Преступлений так много – только выбирай. Мчатся, мелькают леса – летом здесь залиловеют колокольчики; придет весна, и там, в прогале, запестреют примулы. Здесь – верно? – они расстались двадцать лет назад. Нарушенный обет? Нет, это не для Минни!.. Минни – верная душа! Как она заботилась о матери! Все свои сбережения спустила на надгробье… венки под стеклянными колпаками… нарциссы в кувшинах. Но я отвлеклась. Преступление… Они сказали бы, что она затаила горе, загнала вглубь свою тайну – тайну пола, так сказали бы они, ученые мужи. Но что за вздор взваливать на нее еще и проблемы пола! Нет… скорее так. Двадцать лет тому назад, когда она шла по кройдонским улицам, блеснув в электрическом свете, лиловые ленты за зеркальным стеклом галантерейной лавки приковали ее взгляд. Она замешкалась у витрины – уже седьмой час. Если припустить побыстрее, можно еще поспеть домой. Протиснулась в крутящуюся дверь. Торговля в разгаре. На лотках пенятся ленты. Она замирает, тянет к себе эту, щупает ту, с тиснеными выпуклыми розами. Не надо выбирать, не надо покупать, и каждый лоток таит в себе новые соблазны. «Мы закрываем только в семь», – уже семь. Она бежит, летит, спешит, и вот она дома – слишком поздно! Соседи – врач – братишка – чайник – ошпарился – больница – умер – или только испуг и раскаяние? Ах, да не важны мне подробности! Важно то, что теперь ей не избыть пятна, греха, вечной вины – вот она, между лопатками! «Да, похоже, – подтверждает она кивком, – так все и было».

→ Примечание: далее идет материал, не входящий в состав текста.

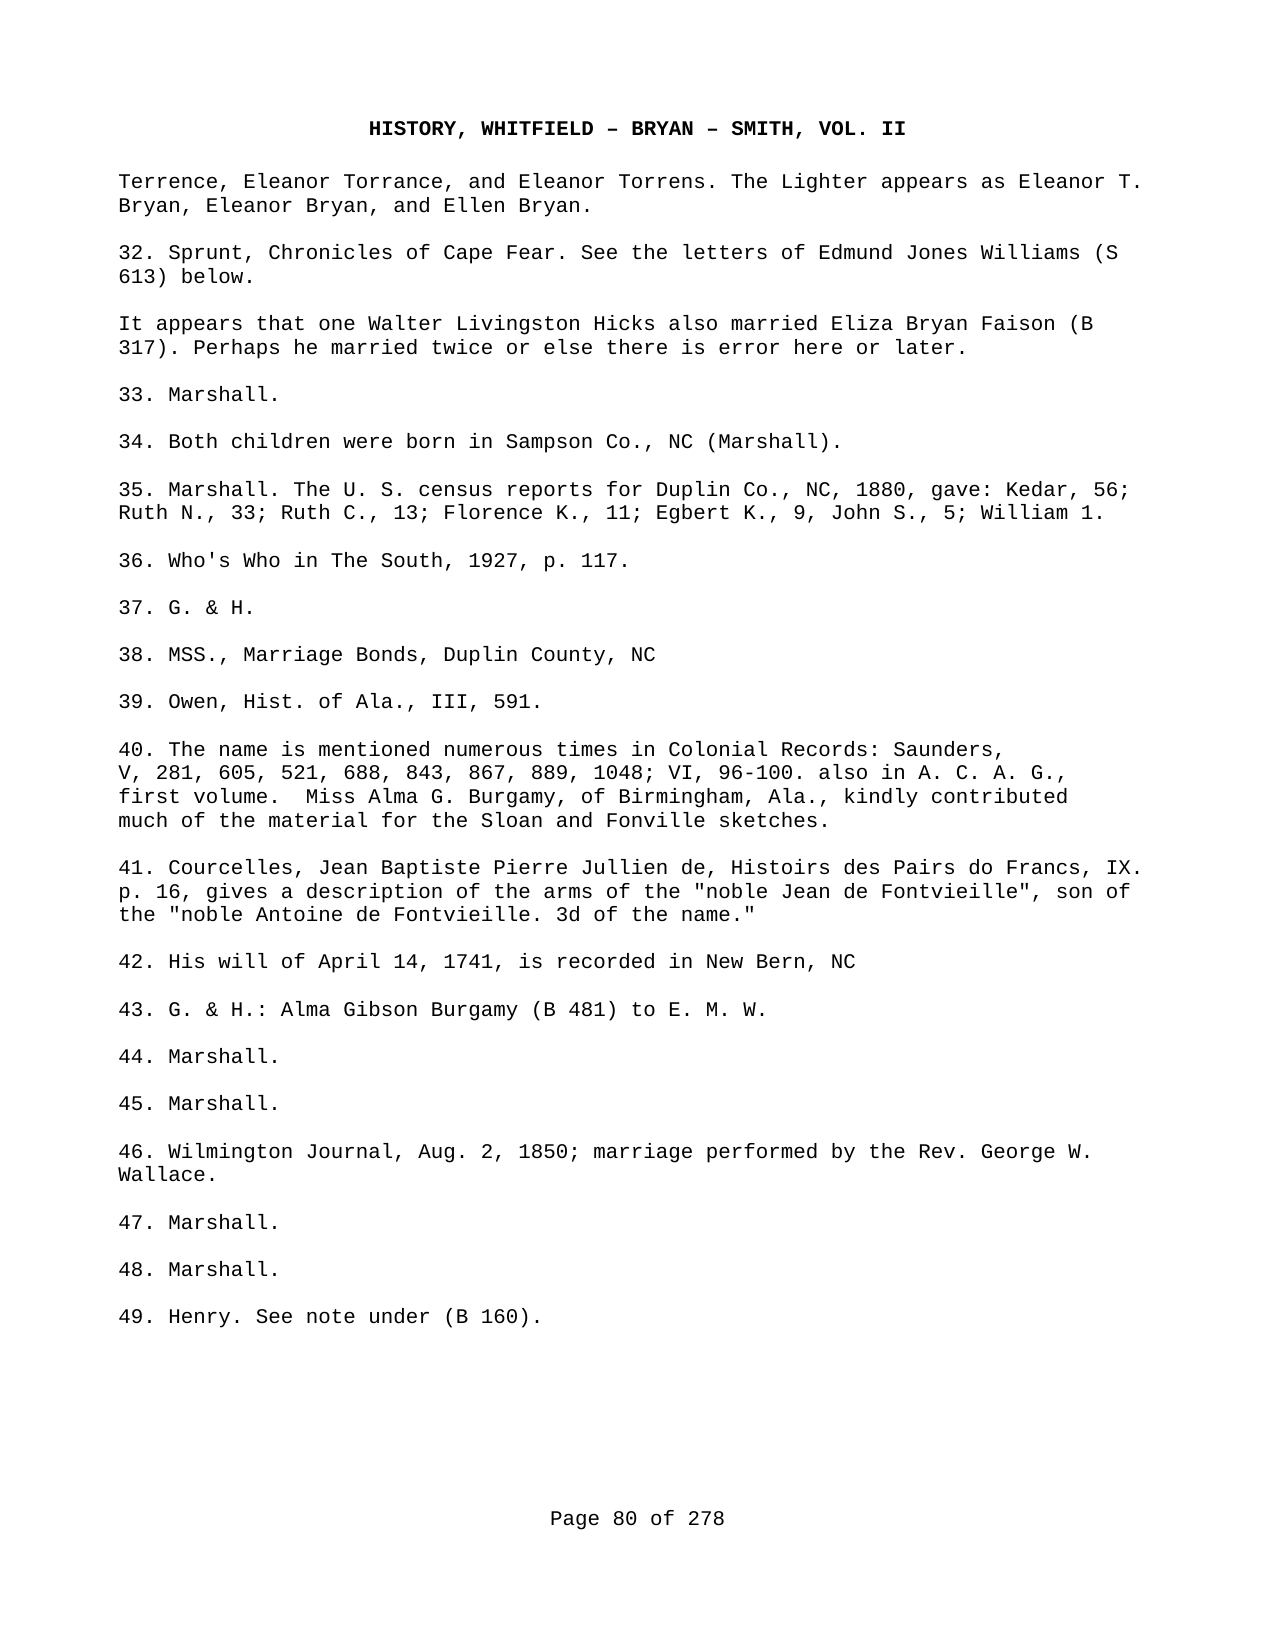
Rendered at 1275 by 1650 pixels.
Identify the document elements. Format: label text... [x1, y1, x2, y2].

text V, 281, 605, 521, 688, 843, 867, 889, 1048; VI, 96-100. also in A. C. A. G., [118, 762, 1157, 786]
text Terrence, Eleanor Torrance, and Eleanor Torrens. The Lighter appears as Eleanor T. Bryan, Eleanor Bryan, and Ellen Bryan. [118, 171, 1157, 218]
text 44. Marshall. [118, 1046, 1157, 1070]
text 38. MSS., Marriage Bonds, Duplin County, NC [118, 644, 1157, 668]
text 48. Marshall. [118, 1259, 1157, 1283]
text 33. Marshall. [118, 384, 1157, 408]
text 42. His will of April 14, 1741, is recorded in New Bern, NC [118, 952, 1157, 975]
text 43. G. & H.: Alma Gibson Burgamy (B 481) to E. M. W. [118, 999, 1157, 1022]
text 34. Both children were born in Sampson Co., NC (Marshall). [118, 431, 1157, 455]
text 37. G. & H. [118, 597, 1157, 621]
text 49. Henry. See note under (B 160). [118, 1306, 1157, 1330]
text 32. Sprunt, Chronicles of Cape Fear. See the letters of Edmund Jones Williams (S 613) below. [118, 242, 1157, 289]
text 39. Owen, Hist. of Ala., III, 591. [118, 691, 1157, 715]
text first volume. Miss Alma G. Burgamy, of Birmingham, Ala., kindly contributed [118, 786, 1157, 810]
text 35. Marshall. The U. S. census reports for Duplin Co., NC, 1880, gave: Kedar, 56; Ruth N., 33; Ruth C., 13; Florence K., 11; Egbert K., 9, John S., 5; William 1. [118, 479, 1157, 526]
text 45. Marshall. [118, 1093, 1157, 1117]
text much of the material for the Sloan and Fonville sketches. [118, 810, 1157, 833]
text 36. Who's Who in The South, 1927, p. 117. [118, 549, 1157, 573]
text 47. Marshall. [118, 1212, 1157, 1235]
text 40. The name is mentioned numerous times in Colonial Records: Saunders, [118, 739, 1157, 762]
text 41. Courcelles, Jean Baptiste Pierre Jullien de, Histoirs des Pairs do Francs, IX. p. 16, gives a description of the arms of the "noble Jean de Fontvieille", son of the "noble Antoine de Fontvieille. 3d of the name." [118, 857, 1157, 928]
text 46. Wilmington Journal, Aug. 2, 1850; marriage performed by the Rev. George W. Wallace. [118, 1141, 1157, 1188]
text It appears that one Walter Livingston Hicks also married Eliza Bryan Faison (B 317). Perhaps he married twice or else there is error here or later. [118, 313, 1157, 360]
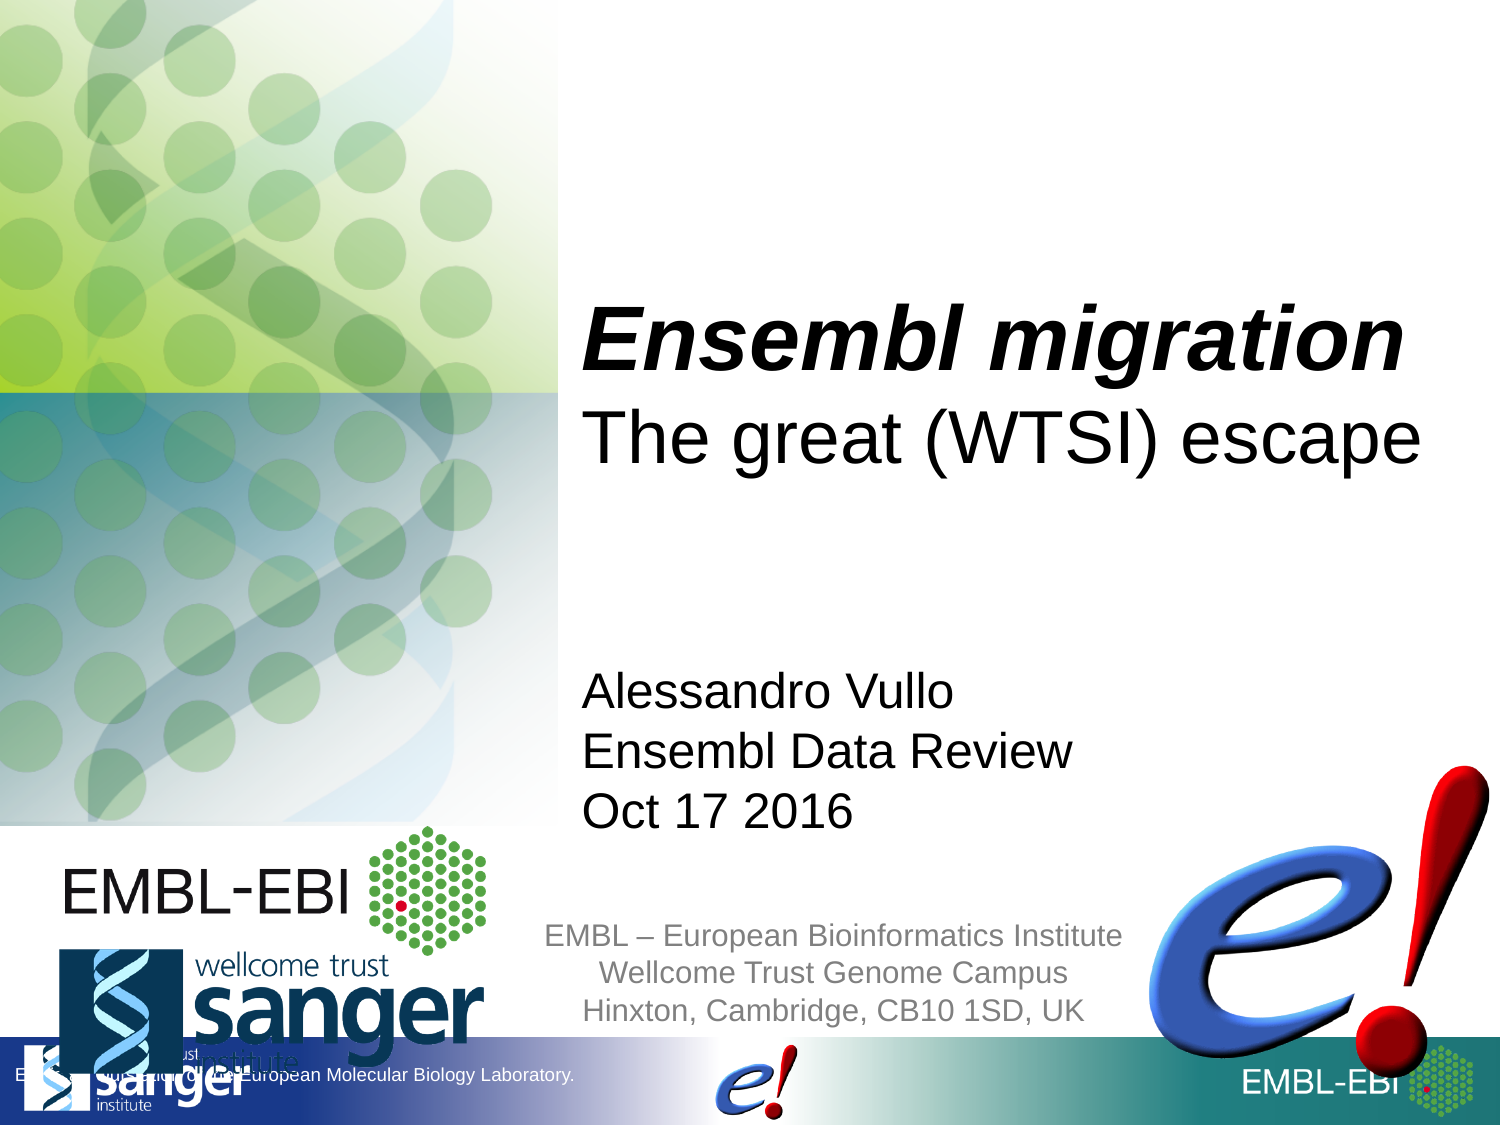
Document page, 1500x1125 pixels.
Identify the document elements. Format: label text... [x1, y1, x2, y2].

text_box Ensembl migration The great (WTSI) escape Alessandro Vullo Ensembl Data Review Oct 17 2016 [566, 271, 1489, 584]
picture [0, 0, 558, 1125]
text_box EMBL – European Bioinformatics Institute Wellcome Trust Genome Campus Hinxton, Cambridge, CB10 1SD, UK [452, 811, 1216, 1125]
picture [1137, 756, 1500, 1125]
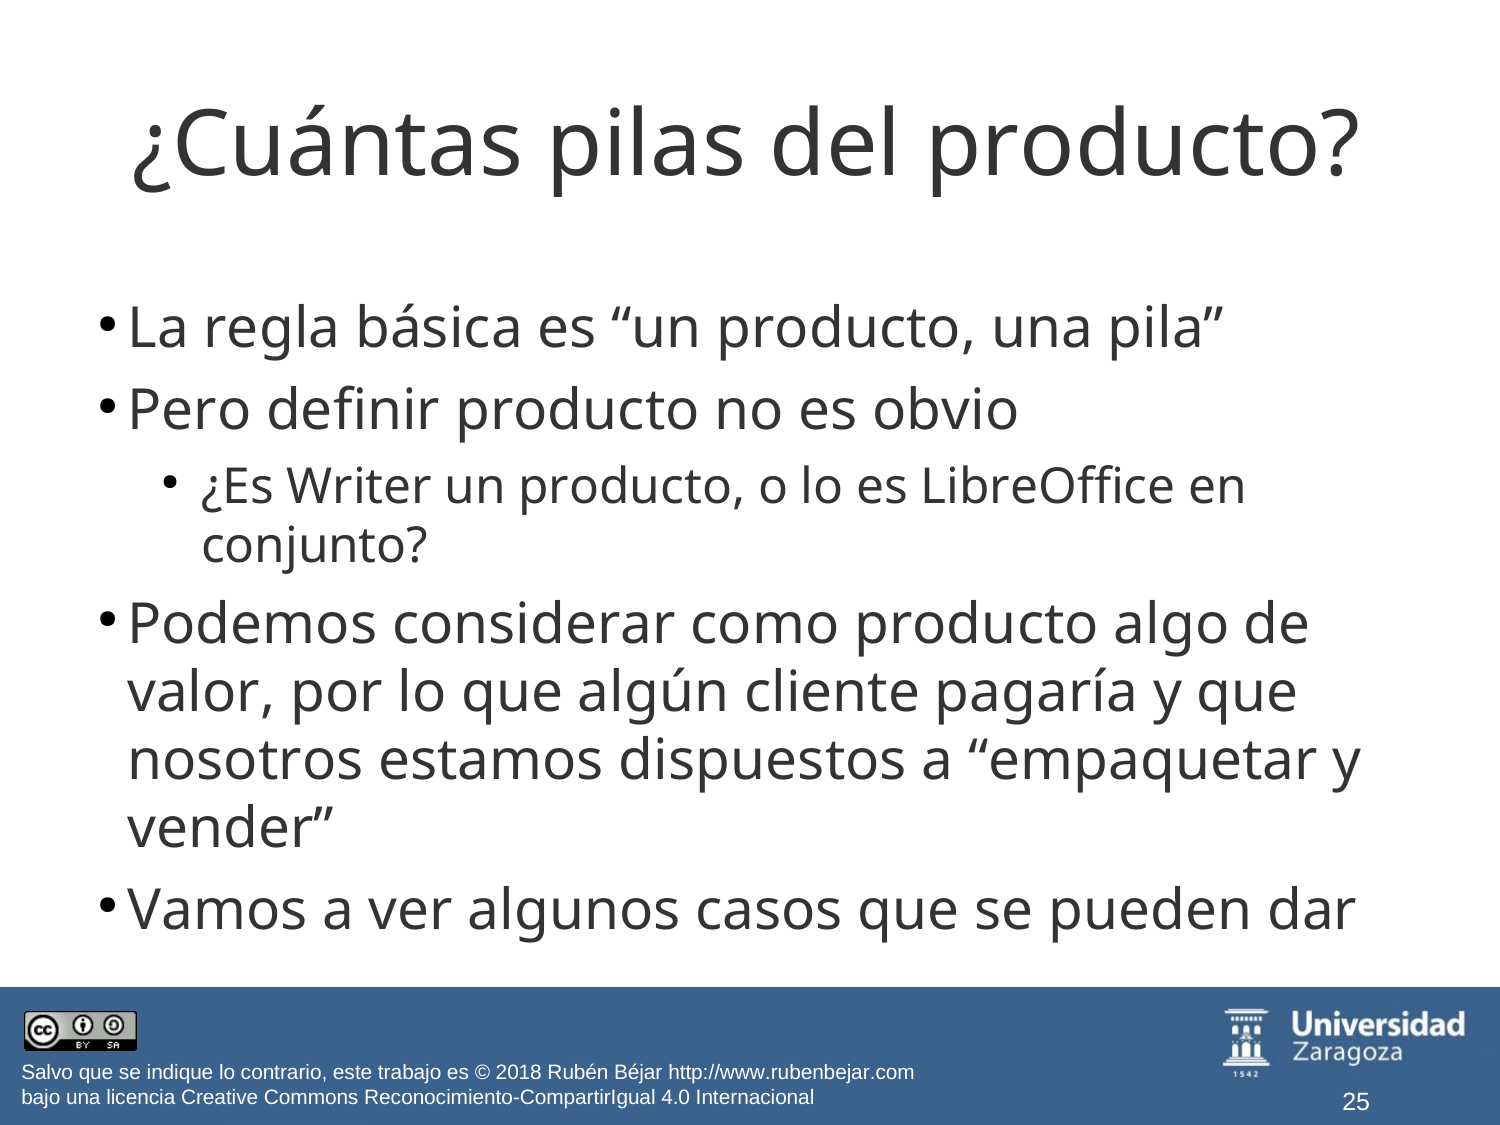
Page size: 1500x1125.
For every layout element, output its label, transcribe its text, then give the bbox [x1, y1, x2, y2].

title ¿Cuántas pilas del producto? [74, 21, 1420, 257]
picture [0, 987, 1500, 1125]
list La regla básica es “un producto, una pila” Pero definir producto no es obvio ¿Es Writer un producto, o lo es LibreOffice en conjunto? Podemos considerar como producto algo de valor, por lo que algún cliente pagaría y que nosotros estamos dispuestos a “empaquetar y vender” Vamos a ver algunos casos que se pueden dar [82, 283, 1418, 957]

Было или не было, и что было, какое мне дело; не в том суть. Лиловые ленты в лавке галантерейщика – этого достаточно; пусть пустяковое, пусть избитое, хоть преступлений так много – только выбирай, но большинство (дай-ка я еще раз брошу взгляд на скамейку напротив – все еще дремлет, а может быть, и прикидывается! В лице ни кровинки, исчахшая, губы сжаты – видно, упрямая, вот чего никак не ожидала! – какие уж тут тайны пола!), большинство из них не твои преступления; твое преступление пустяковое, только воздаяние серьезное; и вот открываются церковные врата, жесткая деревянная скамья принимает ее; она преклоняет колена на темных плитах – ежедневно, зимой, летом, в сумерках, на заре (она и сейчас здесь) она молится. И грехи ее падают, падают, падают. И все – на пятно. Оно вспухло, оно пламенеет, оно пылает. И тут она передергивается. Мальчуганы тычут в нее пальцами. «Вот и Боб сегодня за обедом…» Но хуже нет пожилых женщин.

Ты и впрямь не можешь больше молиться – пора идти. Крюгер ушел под облака – его смыло, будто по нему прошлась кисть с серой краской, к которой примешали чуточку черного, – даже краешек дубинки пропал из виду. И всегда так! Стоит только узреть его, ощутить его присутствие – и тут же кто-то вторгается. На этот раз Хильда.

Как она тебе ненавистна! До чего дошла – ванную с вечера запирает, а тебе и всего-то нужно ополоснуться холодной водой; когда всю ночь проворочаешься без сна, – кажется, ополоснешься, и чуть полегче станет. А за завтраком Джон и дети туда же – хуже всего за столом – а то еще и гости – и за папоротниками не утаиться от взглядов, – они тоже обо всем догадываются; и ты уходишь, бредешь по набережной – море катит серые волны, ветер гоняет бумажки, под зелеными стеклянными навесами гуляют сквозняки, за стулья берут по два пенса – экая дороговизна! – а то можно бы послушать проповедников. А вон негр… а вон тот какой – просто умора!.. а вон человек с попугаями – жалостные какие!.. Неужто здесь нет никого, кто бы думал о Боге? – ведь вот он прямехонько над пирсом, и жезл в руке, – но нет – небо сплошь серое, а если и проглянет синева, белые облака тут же скроют его лик, и музыка – военный оркестр, – что это они тут удят? И улов бывает? А дети-то, дети глядят во все глаза! Ну что ж, а теперь домой задами… «Домой задами». В словах есть смысл; их мог произнести и тот старик с бородой – да нет, по правде говоря, он ничего не сказал; но смысл есть во всем; прислоненные к дверям плакаты – вывески над витринами – краснощекие яблоки в корзинах – женские головки за окнами парикмахерской – все говорят: «Минни Марш». И вдруг заело: «Яйца подешевели». И всегда так. Я вела ее к водопаду, прямой дорогой к умопомрачению, а она, как стадо овец, примерещившихся во сне, поворачивает, проскальзывает между пальцами. Яйца подешевели. Преступления, несчастья, восторги ли, помешательства ли не для Минни Марш – она прочно прикована цепями к земле; ни разу не опоздала к обеду; ни разу дождь не застиг ее врасплох без плаща; ни разу не смогла забыть о том, что яйца подешевели. И вот она уже дома – вытирает ноги у дверей.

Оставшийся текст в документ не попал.